Mechanisms of thyroid hormone action

Abstract

Our understanding of thyroid hormone action has been substantially altered by recent clinical observations of thyroid signaling defects in syndromes of hormone resistance and in a broad range of conditions, including profound mental retardation, obesity, metabolic disorders, and a number of cancers. The mechanism of thyroid hormone action has been informed by these clinical observations as well as by animal models and has influenced the way we view the role of local ligand availability; tissue and cell-specific thyroid hormone transporters, corepressors, and coactivators; thyroid hormone receptor (TR) isoform-specific action; and cross-talk in metabolic regulation and neural development. In some cases, our new understanding has already been translated into therapeutic strategies, especially for treating hyperlipidemia and obesity, and other drugs are in development to treat cardiac disease and cancer and to improve cognitive function.

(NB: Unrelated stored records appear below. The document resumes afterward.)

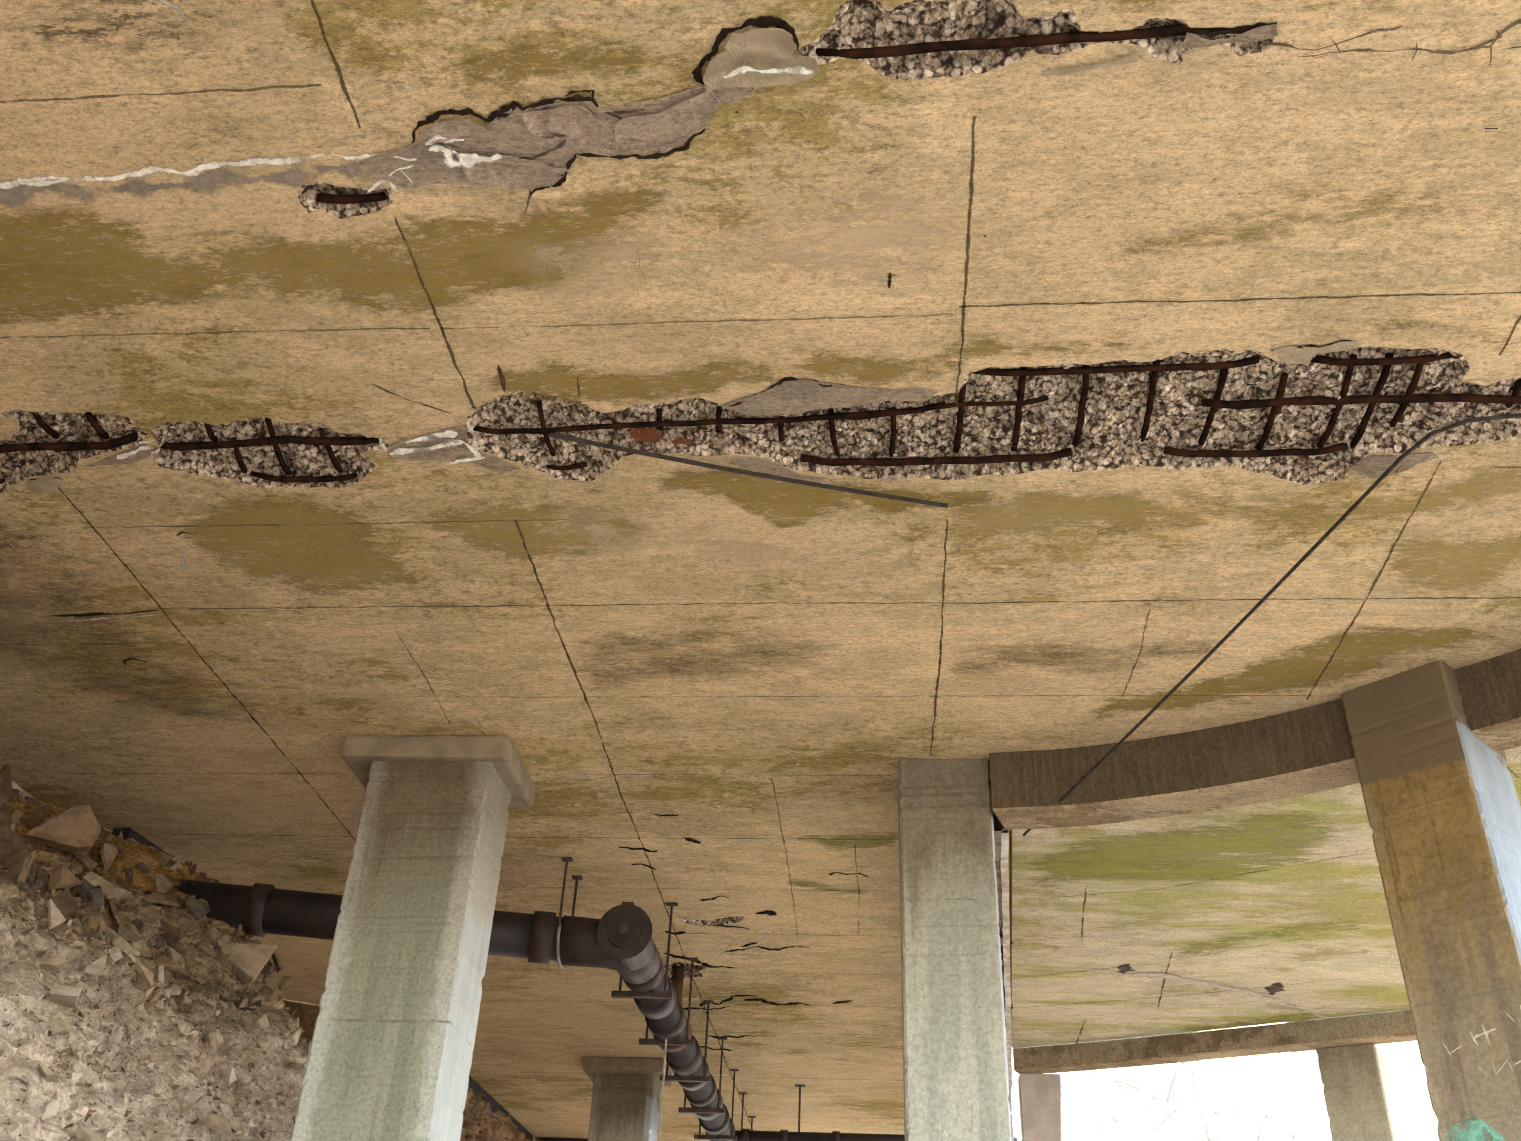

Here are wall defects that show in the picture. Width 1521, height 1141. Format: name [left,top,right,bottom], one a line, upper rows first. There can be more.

spalling [725,0,1274,80]
crack [1179,19,1521,64]
peeling [298,86,754,219]
water stain [0,163,668,324]
spalling [0,340,1521,495]
water stain [184,498,416,595]
crack [999,921,1013,1027]
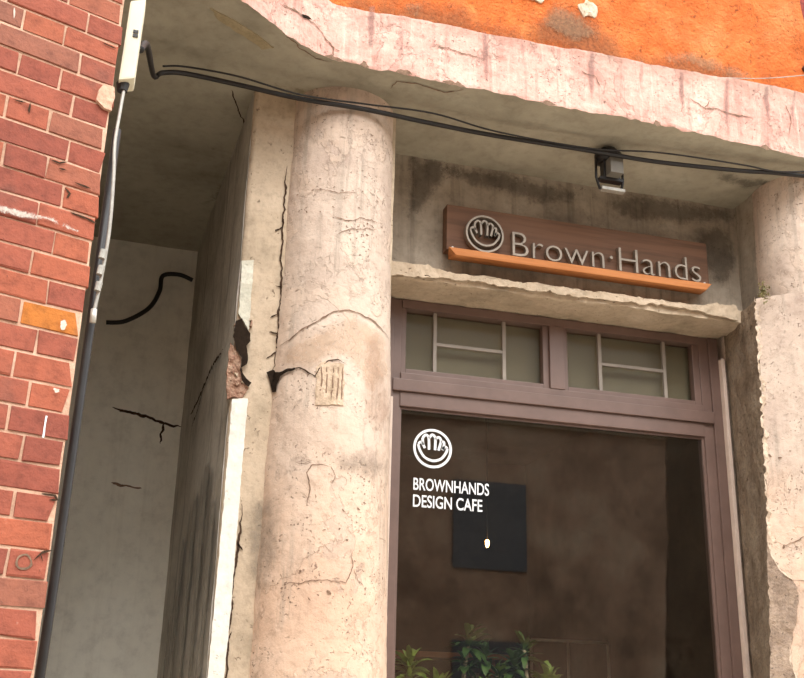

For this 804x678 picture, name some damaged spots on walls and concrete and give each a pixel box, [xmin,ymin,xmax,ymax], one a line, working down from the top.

Figure 1. Nuclear action of thyroid hormone.

Shown are the key components required for thyroid hormone action, as demonstrated by a range of clinical observations. (A) The TR gene has 2 major isoforms, TRβ and TRα; the structures of TRα1 and TRα2 (non–T3-binding) and TRβ1 and TRβ2 are shown. (B) The major thyroid hormone forms, T4, T3, and rT3. (C) Circulating T4 is converted locally in some tissues by membrane-bound D2 to the active form, T3. D3 converts T3 to the inactive rT3. (D) In specific tissues, such as brain, transporters such as MCT8 transport T4 and T3 into the cell. Unliganded TR heterodimerizes with RXR and binds to a TRE and then to a corepressor, such as NCoR or SMRT, repressing gene expression. T3 binding to the ligand-binding domain results in movement of the carboxyterminal helix 12, disruption of corepressor binding, and promotion of coactivator binding, which then leads to recruitment of polymerase III and initiation of gene transcription.